How to deploy your Red Hat Fuse service to OpenShift
Lately, I have been playing around with Microcks, a native containerized test and mocking tool. I’d like to write about using Microcks. But I feel that if I want to do so, I need to set up a case that can be used to illustrate my story. Such a case has many aspects, and side stories to tell. For example, how to run your adapters together with Microcks in a container setup? How to do the same in OpenShift or other Kubernetes-based platforms?
So let’s start with a series of articles. I foresee the following subjects:
- This article, about deploying Fuse services to OpenShift, including a description of the case
- A Fuse environment in Docker-Compose
- Deploy an operator-based AMQ Broker instance on OpenShift
- Using Microcks with SoapUI under docker-compose
- Install and use Microcks under OpenShift
I’ll update this list along with the publication of the other articles.
A few weeks ago, I created some scripts to do a deployment of a similar setup on OpenShift. And thus I want to refactor those to this demo setup first.
Case Introduction
I build the case in the FuseSoapAmqMicrocksDemo project on GitHub. It consists of two Fuse Adapter Services. A SOAP Service, that enqueues the incoming message on a queue or topic on an AMQ Broker. Then another AMQP-based adapter dequeues the message and sends it to a SOAP-based API on a remote Enterprise Information System (EIS):
We’ll use Microcks in a later stage of this series to mock the API of the Target EIS. This setup consists of several components that need to work together.

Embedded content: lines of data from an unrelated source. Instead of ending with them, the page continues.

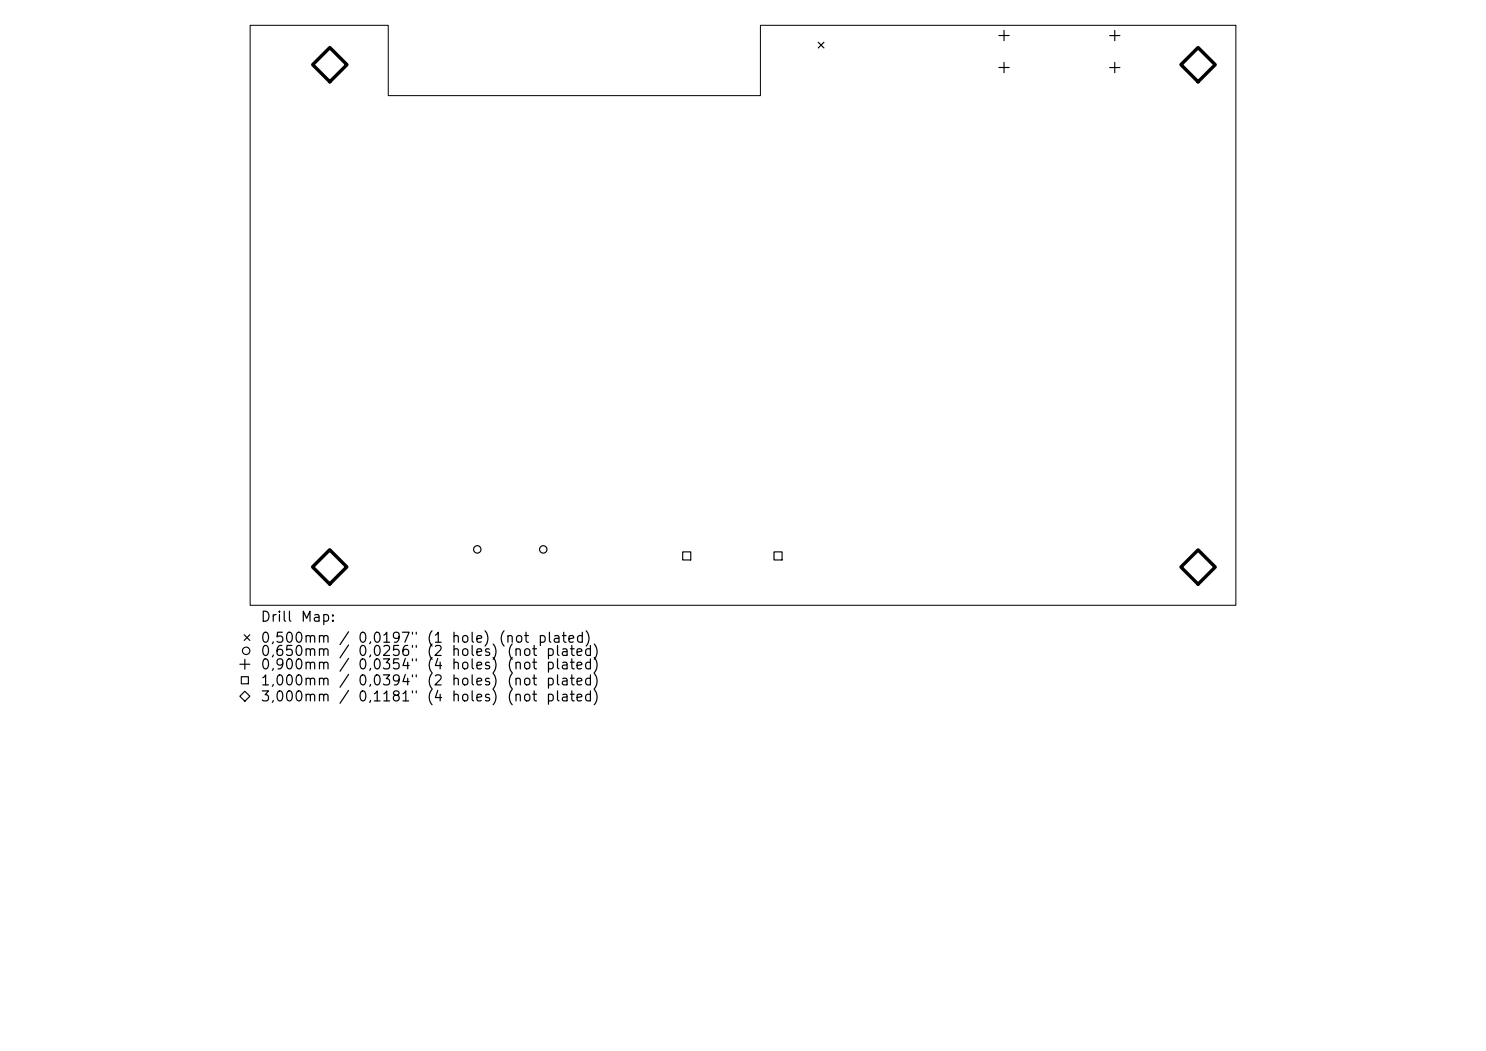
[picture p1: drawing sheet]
<svg xmlns="http://www.w3.org/2000/svg" width="297mm" height="210mm" viewBox="0 0 297 210" stroke-linecap="round" stroke-linejoin="round" font-family="sans-serif">
<defs><g id="words">
<g font-size="2">
<text x="51.9" y="124.7">Drill</text>
<text x="59.9" y="124.7">Map:</text>
<text x="51.9" y="128.9">0,500mm</text>
<text x="51.9" y="131.6">0,650mm</text>
<text x="67.6" y="128.9">/</text>
<text x="67.6" y="131.6">/</text>
<text x="71.4" y="128.9">0,0197&quot;</text>
<text x="71.4" y="131.6">0,0256&quot;</text>
<text x="85.1" y="128.9">(1</text>
<text x="85.1" y="131.6">(2</text>
<text x="90.1" y="128.9">hole)</text>
<text x="90.1" y="131.6">holes)</text>
<text x="99.5" y="128.9">(not</text>
<text x="101.1" y="131.6">(not</text>
<text x="107.3" y="128.9">plated)</text>
<text x="108.9" y="131.6">plated)</text>
<text x="51.9" y="134.3">0,900mm</text>
<text x="51.9" y="137.5">1,000mm</text>
<text x="67.6" y="134.3">/</text>
<text x="67.6" y="137.5">/</text>
<text x="71.4" y="134.3">0,0354&quot;</text>
<text x="71.4" y="137.5">0,0394&quot;</text>
<text x="85.1" y="134.3">(4</text>
<text x="85.1" y="137.5">(2</text>
<text x="90.1" y="134.3">holes)</text>
<text x="90.1" y="137.5">holes)</text>
<text x="101.1" y="134.3">(not</text>
<text x="101.1" y="137.5">(not</text>
<text x="108.9" y="134.3">plated)</text>
<text x="108.9" y="137.5">plated)</text>
<text x="51.9" y="140.7">3,000mm</text>
<text x="67.6" y="140.7">/</text>
<text x="71.4" y="140.7">0,1181&quot;</text>
<text x="85.1" y="140.7">(4</text>
<text x="90.1" y="140.7">holes)</text>
<text x="101.1" y="140.7">(not</text>
<text x="108.9" y="140.7">plated)</text>
</g>
</g></defs>
<path d="M50 5.1h27.6v14h74.4v-14h95v115.8h-197z" fill="none" stroke="#000" stroke-width=".2"/>
<g fill="none" stroke="#000" stroke-width=".23">
<path d="M163.5 8.4l1.2 1.2M164.7 8.4l-1.2 1.2M199.6 7.1h2.1M199.6 13.5h2.1M200.7 6.1v2M200.7 12.5v2M221.8 7.1h2M221.8 13.5h2M222.8 6.1v2M222.8 12.5v2M136.4 110.3h1.7v1.6h-1.7zM154.7 110.3h1.6v1.6h-1.6z"/>
<path d="M47.9 139.1l1-1 1 1-1 1zM47.9 132.7h2M48.2 135.2h1.4v1.4h-1.4zM48.8 126.8l1.1 1.2M48.9 131.7v2M49.9 126.8l-1.1 1.2"/>
<circle cx="95.4" cy="109.8" r=".74"/>
<circle cx="108.6" cy="109.8" r=".74"/>
<circle cx="49.2" cy="130" r=".74"/>
</g>
<path d="M62.5 12.9l3.4-3.4 3.4 3.4-3.4 3.4zM236 12.9l3.5-3.4 3.4 3.4-3.4 3.4zM62.5 113.3l3.4-3.4 3.4 3.4-3.4 3.4zM236 113.3l3.5-3.4 3.4 3.4-3.4 3.4z" fill="none" stroke="#000" stroke-width=".68"/>
<use href="#words"/>
</svg>

And for the Microcks demo we can use it as both a driver to run the tests as if it were the Source EIS and a stub to mock the Target EIS.
The FuseSoapAmqMicrocksDemo project on GitHub contains two Red Hat Fuse projects:
To publish or consume a SOAP Service I already wrote the following articles:
- “InFuse” a Spring-Boot service with SOAP
- SOAP Service Consumption made easy
- Using TLS on your Spring-Boot SOAP Service
Besides publishing the messages on the AMQ Broker, there’s no other logic. For the explanation of working of the services, I’ll leave you to those articles.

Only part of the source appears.